May be partially defined or unknown.

The batch dimensions are indexes into independent, non-identical parameterizations of this distribution.

dtype The DType of Tensors handled by this Distribution.
event_shape Shape of a single sample from a single batch as a TensorShape.

May be partially defined or unknown.

experimental_shard_axis_names The list or structure of lists of active shard axis names.

name Name prepended to all ops created by this Distribution.
name_scope Returns a tf.name_scope instance for this class.
non_trainable_variables Sequence of non-trainable variables owned by this module and its submodules.

parameters Dictionary of parameters used to instantiate this Distribution.

reparameterization_type Describes how samples from the distribution are reparameterized.

Currently this is one of the static instances tfd.FULLY_REPARAMETERIZED or tfd.NOT_REPARAMETERIZED.

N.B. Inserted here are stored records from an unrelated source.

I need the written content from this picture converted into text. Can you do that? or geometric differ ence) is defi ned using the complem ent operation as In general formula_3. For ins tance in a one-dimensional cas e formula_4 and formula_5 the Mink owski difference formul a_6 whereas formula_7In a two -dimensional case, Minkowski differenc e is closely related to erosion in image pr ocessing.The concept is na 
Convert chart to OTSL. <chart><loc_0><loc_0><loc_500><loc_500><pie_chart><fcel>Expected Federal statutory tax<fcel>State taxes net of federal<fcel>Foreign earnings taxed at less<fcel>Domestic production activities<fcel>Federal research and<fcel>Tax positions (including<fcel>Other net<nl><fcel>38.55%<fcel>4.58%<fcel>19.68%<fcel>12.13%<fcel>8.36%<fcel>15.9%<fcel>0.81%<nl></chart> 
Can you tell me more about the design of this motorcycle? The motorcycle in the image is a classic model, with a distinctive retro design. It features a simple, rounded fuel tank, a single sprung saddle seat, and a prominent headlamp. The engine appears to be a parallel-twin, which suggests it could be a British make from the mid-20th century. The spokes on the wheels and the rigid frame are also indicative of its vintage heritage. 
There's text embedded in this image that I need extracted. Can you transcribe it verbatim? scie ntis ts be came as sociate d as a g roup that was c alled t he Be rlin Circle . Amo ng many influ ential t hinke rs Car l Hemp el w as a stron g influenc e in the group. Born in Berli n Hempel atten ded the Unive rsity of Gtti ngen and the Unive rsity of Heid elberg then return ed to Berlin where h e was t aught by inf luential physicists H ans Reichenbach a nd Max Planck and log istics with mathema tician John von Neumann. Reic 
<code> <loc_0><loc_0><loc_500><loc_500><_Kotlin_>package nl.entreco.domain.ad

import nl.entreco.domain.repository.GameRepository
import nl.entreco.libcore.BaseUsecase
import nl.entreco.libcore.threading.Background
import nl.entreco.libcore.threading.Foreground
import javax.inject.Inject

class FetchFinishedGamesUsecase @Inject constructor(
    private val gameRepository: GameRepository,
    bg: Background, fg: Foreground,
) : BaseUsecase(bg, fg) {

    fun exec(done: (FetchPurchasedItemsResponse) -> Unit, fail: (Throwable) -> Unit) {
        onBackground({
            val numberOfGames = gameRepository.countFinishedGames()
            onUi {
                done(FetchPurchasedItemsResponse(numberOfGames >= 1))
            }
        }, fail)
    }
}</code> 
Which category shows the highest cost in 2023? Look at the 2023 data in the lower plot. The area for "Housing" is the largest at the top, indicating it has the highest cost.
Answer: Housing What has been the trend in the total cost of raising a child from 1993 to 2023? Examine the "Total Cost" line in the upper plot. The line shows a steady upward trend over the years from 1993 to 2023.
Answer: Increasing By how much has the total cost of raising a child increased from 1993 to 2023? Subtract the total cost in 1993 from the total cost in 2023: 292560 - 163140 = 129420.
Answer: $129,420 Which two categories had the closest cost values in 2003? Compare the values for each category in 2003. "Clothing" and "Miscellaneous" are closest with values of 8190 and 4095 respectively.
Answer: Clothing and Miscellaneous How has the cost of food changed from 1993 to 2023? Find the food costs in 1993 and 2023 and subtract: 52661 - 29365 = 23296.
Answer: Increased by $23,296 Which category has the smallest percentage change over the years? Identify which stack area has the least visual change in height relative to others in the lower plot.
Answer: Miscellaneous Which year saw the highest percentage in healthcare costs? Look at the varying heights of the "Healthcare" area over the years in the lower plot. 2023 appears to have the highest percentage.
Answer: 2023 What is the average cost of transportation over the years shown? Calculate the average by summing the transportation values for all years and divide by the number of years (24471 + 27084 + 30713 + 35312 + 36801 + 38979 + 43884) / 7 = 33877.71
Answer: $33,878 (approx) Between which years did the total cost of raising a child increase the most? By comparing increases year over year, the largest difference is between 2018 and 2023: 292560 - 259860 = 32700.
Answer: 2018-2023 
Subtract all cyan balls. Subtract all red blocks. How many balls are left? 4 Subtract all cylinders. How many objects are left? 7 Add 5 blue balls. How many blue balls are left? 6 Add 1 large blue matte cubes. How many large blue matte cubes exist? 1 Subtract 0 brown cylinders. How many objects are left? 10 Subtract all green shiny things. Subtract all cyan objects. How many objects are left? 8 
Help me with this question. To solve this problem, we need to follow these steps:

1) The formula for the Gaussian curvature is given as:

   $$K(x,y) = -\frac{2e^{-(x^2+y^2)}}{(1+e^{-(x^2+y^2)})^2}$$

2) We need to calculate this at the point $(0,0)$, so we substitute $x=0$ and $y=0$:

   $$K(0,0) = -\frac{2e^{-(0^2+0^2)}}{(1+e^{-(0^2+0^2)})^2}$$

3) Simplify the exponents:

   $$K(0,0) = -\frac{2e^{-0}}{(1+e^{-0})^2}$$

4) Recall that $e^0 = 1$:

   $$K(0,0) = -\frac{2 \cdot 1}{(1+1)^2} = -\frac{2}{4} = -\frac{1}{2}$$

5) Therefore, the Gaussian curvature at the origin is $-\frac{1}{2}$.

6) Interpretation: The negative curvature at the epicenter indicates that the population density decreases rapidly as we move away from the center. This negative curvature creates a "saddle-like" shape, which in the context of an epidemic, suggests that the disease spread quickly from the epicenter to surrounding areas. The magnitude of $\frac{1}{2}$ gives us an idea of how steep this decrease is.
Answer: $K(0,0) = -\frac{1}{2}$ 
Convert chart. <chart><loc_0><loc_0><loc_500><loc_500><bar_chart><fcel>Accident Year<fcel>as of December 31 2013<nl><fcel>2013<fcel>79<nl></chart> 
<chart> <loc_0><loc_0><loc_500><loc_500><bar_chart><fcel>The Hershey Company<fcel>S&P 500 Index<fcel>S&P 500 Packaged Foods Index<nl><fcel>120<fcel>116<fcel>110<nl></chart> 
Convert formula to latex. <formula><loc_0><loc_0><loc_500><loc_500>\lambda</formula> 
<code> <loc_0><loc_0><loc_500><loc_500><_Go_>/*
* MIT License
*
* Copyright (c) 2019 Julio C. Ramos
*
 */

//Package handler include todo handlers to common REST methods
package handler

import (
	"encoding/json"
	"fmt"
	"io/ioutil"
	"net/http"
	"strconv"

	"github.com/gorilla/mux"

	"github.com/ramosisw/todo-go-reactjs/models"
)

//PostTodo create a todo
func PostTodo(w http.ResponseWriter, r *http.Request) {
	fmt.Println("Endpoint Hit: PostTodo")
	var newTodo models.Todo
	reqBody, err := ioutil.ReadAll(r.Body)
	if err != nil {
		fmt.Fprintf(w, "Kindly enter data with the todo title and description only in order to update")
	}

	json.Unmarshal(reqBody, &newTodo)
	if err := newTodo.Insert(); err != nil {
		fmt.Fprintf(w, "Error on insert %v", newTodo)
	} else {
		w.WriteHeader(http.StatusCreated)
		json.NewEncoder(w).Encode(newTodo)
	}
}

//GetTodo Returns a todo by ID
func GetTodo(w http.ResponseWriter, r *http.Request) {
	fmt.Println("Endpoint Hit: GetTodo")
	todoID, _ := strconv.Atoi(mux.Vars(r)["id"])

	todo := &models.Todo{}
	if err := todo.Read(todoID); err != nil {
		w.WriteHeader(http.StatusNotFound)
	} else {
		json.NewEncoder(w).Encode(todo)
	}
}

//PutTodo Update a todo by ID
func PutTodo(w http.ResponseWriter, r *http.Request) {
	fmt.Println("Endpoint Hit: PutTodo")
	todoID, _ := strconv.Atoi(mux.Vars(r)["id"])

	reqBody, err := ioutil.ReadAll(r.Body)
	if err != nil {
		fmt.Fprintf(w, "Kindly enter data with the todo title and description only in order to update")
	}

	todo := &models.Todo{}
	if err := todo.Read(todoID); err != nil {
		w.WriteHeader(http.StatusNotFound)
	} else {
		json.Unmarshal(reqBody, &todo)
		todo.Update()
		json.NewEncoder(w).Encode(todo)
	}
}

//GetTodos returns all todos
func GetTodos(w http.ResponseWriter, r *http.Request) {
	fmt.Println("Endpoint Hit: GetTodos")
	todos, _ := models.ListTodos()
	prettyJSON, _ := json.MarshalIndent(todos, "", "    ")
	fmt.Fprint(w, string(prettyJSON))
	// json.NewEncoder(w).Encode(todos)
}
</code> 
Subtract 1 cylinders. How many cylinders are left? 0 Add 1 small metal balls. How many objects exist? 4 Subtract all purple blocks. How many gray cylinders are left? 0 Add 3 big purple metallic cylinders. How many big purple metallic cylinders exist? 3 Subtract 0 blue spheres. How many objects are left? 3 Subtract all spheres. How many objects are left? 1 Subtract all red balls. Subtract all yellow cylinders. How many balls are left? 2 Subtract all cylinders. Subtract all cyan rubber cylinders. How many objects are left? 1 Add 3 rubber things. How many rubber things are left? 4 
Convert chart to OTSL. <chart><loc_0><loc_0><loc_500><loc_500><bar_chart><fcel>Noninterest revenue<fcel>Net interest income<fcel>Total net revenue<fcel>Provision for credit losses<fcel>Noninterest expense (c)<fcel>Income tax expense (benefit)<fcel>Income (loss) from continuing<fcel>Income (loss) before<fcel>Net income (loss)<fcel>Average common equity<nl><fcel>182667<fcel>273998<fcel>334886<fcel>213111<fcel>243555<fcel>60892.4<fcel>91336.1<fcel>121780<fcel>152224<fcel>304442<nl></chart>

submodules Sequence of all sub-modules.

Submodules are modules which are properties of this module, or found as properties of modules which are properties of this module (and so on).

a = tf.Module()
b = tf.Module()
c = tf.Module()
a.b = b
b.c = c
list(a.submodules) == [b, c]
list(b.submodules) == [c]
list(c.submodules) == []


trainable_variables Sequence of trainable variables owned by this module and its submodules.

validate_args Python bool indicating possibly expensive checks are enabled.
variables Sequence of variables owned by this module and its submodules.